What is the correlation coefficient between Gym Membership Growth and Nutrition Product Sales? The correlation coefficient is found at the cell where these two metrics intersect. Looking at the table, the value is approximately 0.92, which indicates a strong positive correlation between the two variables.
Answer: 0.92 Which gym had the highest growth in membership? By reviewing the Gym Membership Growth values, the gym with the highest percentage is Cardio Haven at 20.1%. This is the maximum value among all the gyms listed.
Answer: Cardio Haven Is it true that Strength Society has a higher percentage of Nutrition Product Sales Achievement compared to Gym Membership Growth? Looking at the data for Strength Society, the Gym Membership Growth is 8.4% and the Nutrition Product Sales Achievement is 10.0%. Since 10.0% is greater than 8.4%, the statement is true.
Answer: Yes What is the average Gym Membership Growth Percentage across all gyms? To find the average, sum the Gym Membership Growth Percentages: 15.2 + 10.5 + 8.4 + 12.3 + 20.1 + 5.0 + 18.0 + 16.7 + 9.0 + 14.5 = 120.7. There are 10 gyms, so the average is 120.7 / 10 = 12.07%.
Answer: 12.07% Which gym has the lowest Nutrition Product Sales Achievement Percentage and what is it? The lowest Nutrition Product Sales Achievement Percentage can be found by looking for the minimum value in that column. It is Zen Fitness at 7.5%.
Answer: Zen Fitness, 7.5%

* * *

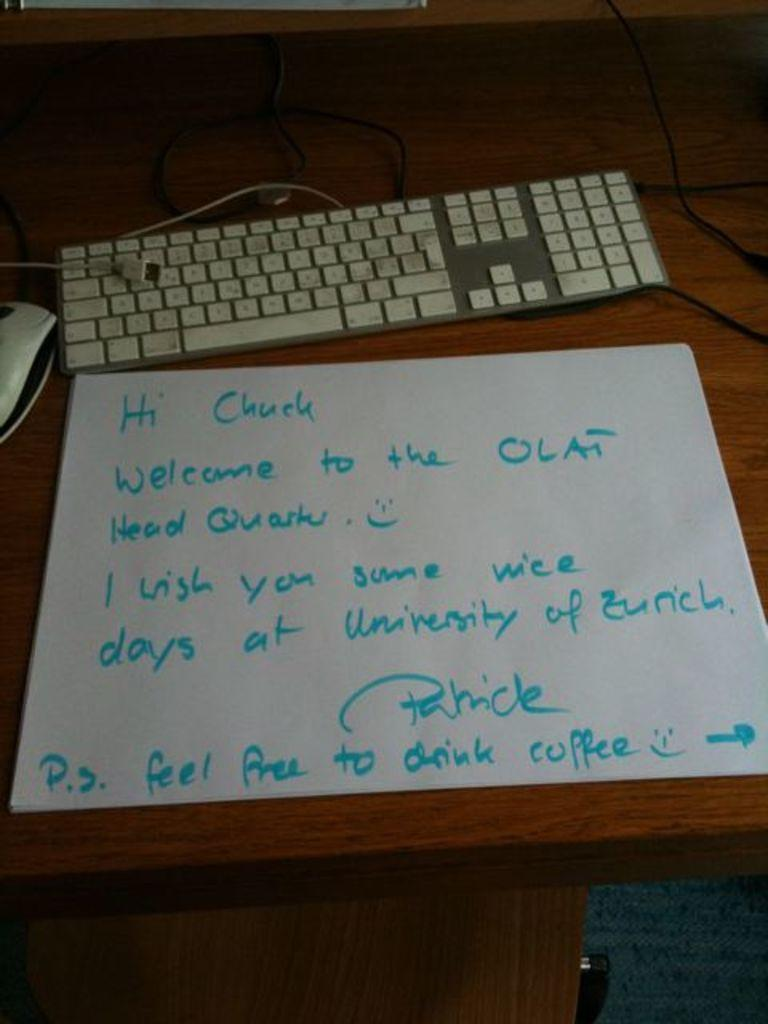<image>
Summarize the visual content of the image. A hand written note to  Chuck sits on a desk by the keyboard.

...

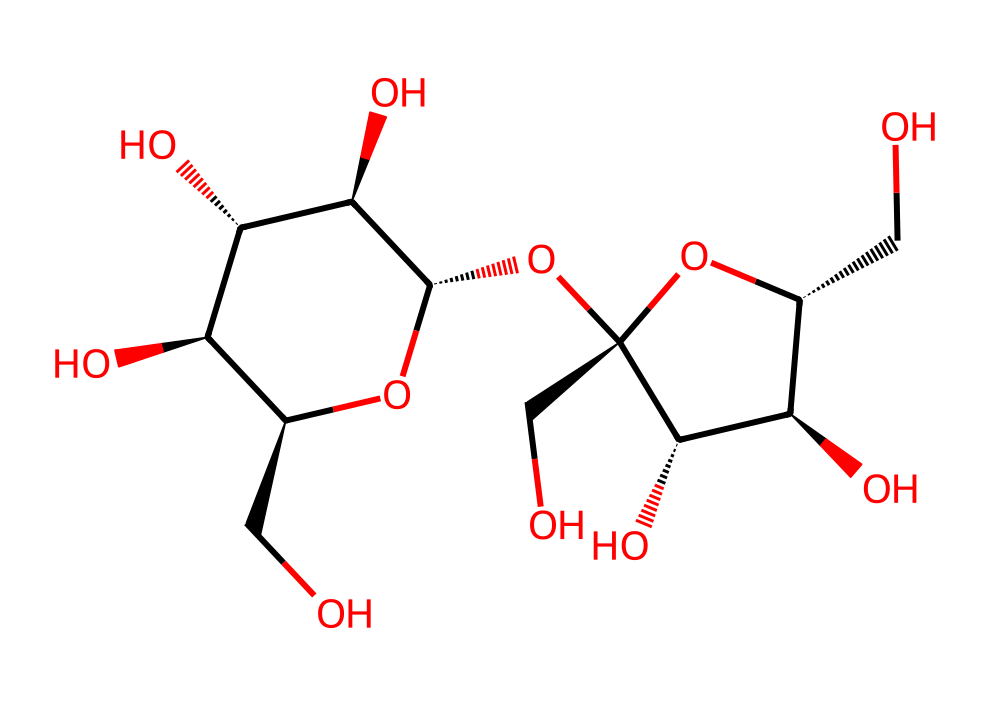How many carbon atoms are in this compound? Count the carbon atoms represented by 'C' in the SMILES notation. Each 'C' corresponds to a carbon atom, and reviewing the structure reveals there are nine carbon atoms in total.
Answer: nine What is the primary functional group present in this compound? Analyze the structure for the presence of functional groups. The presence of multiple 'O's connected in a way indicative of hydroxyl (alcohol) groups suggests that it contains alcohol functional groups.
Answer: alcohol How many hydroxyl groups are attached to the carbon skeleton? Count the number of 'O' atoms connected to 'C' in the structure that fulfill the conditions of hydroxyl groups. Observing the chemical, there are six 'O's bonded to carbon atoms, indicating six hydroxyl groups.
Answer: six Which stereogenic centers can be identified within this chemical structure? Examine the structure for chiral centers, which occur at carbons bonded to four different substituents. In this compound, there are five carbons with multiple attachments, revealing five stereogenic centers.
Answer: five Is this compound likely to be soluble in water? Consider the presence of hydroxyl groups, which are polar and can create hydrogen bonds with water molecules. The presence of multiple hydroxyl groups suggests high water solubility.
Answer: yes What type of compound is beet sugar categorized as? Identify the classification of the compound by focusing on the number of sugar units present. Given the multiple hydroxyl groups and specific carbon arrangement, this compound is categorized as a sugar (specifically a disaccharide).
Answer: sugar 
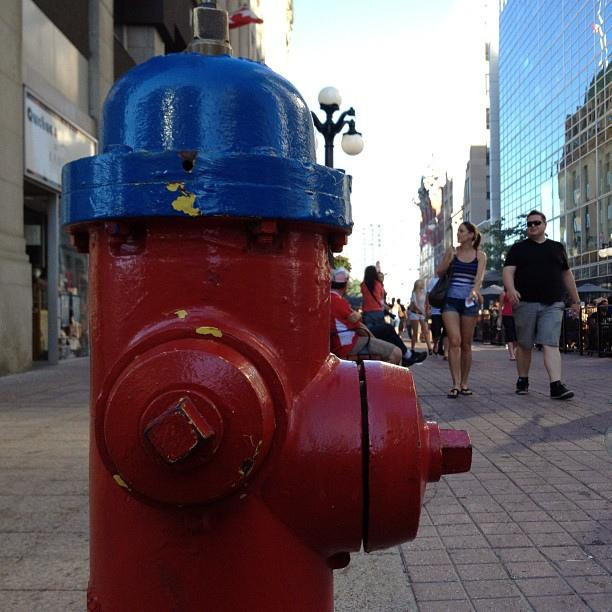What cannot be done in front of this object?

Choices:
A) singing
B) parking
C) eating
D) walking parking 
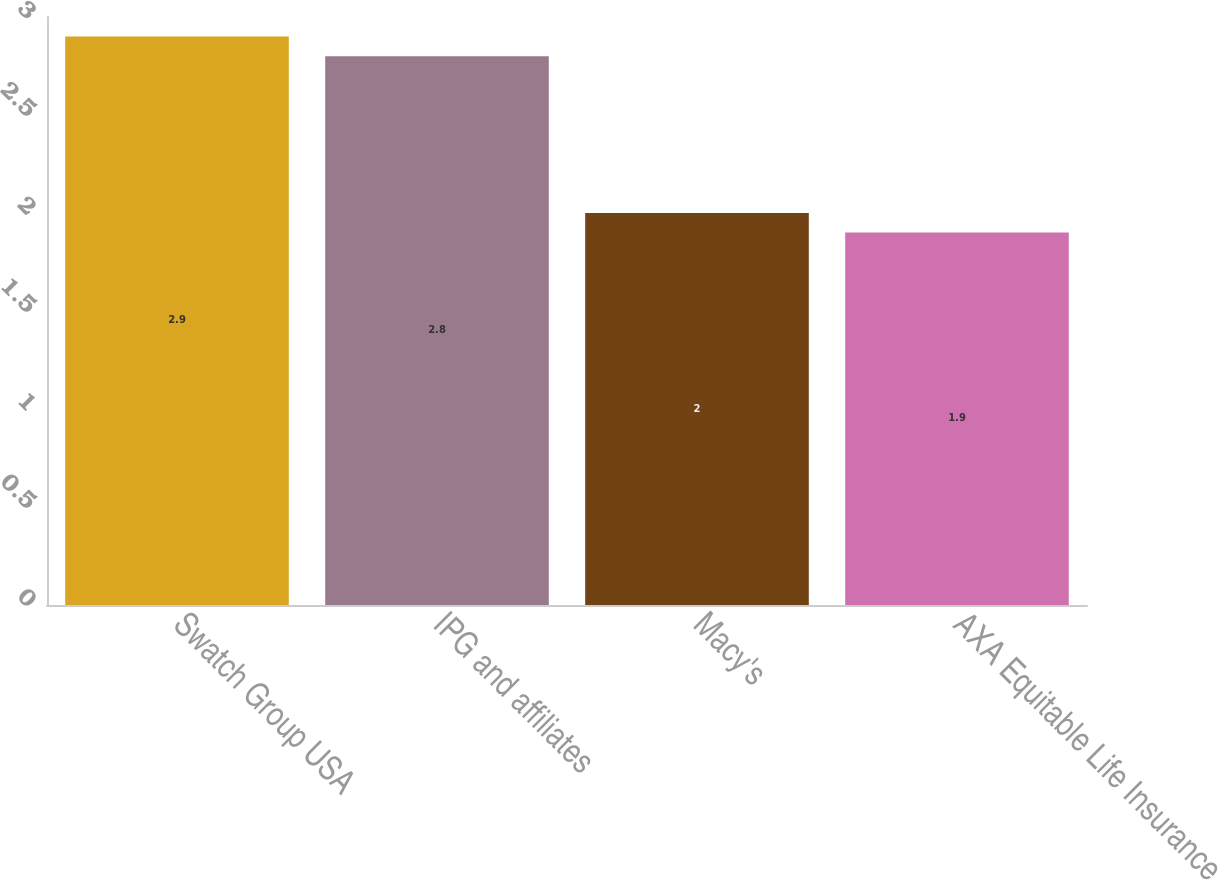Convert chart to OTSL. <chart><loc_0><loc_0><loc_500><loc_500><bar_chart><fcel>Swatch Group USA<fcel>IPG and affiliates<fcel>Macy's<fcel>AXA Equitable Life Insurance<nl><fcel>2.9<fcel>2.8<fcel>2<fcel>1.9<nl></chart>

> **TASK DETAILS**: From the entries above, extract only the lines running from the one containing "What is the correlation" through the one containing "Answer: Zen Fitness, 7.5%", inclusive.

> **ANSWER AREA**:
What is the correlation coefficient between Gym Membership Growth and Nutrition Product Sales? The correlation coefficient is found at the cell where these two metrics intersect. Looking at the table, the value is approximately 0.92, which indicates a strong positive correlation between the two variables.
Answer: 0.92 Which gym had the highest growth in membership? By reviewing the Gym Membership Growth values, the gym with the highest percentage is Cardio Haven at 20.1%. This is the maximum value among all the gyms listed.
Answer: Cardio Haven Is it true that Strength Society has a higher percentage of Nutrition Product Sales Achievement compared to Gym Membership Growth? Looking at the data for Strength Society, the Gym Membership Growth is 8.4% and the Nutrition Product Sales Achievement is 10.0%. Since 10.0% is greater than 8.4%, the statement is true.
Answer: Yes What is the average Gym Membership Growth Percentage across all gyms? To find the average, sum the Gym Membership Growth Percentages: 15.2 + 10.5 + 8.4 + 12.3 + 20.1 + 5.0 + 18.0 + 16.7 + 9.0 + 14.5 = 120.7. There are 10 gyms, so the average is 120.7 / 10 = 12.07%.
Answer: 12.07% Which gym has the lowest Nutrition Product Sales Achievement Percentage and what is it? The lowest Nutrition Product Sales Achievement Percentage can be found by looking for the minimum value in that column. It is Zen Fitness at 7.5%.
Answer: Zen Fitness, 7.5%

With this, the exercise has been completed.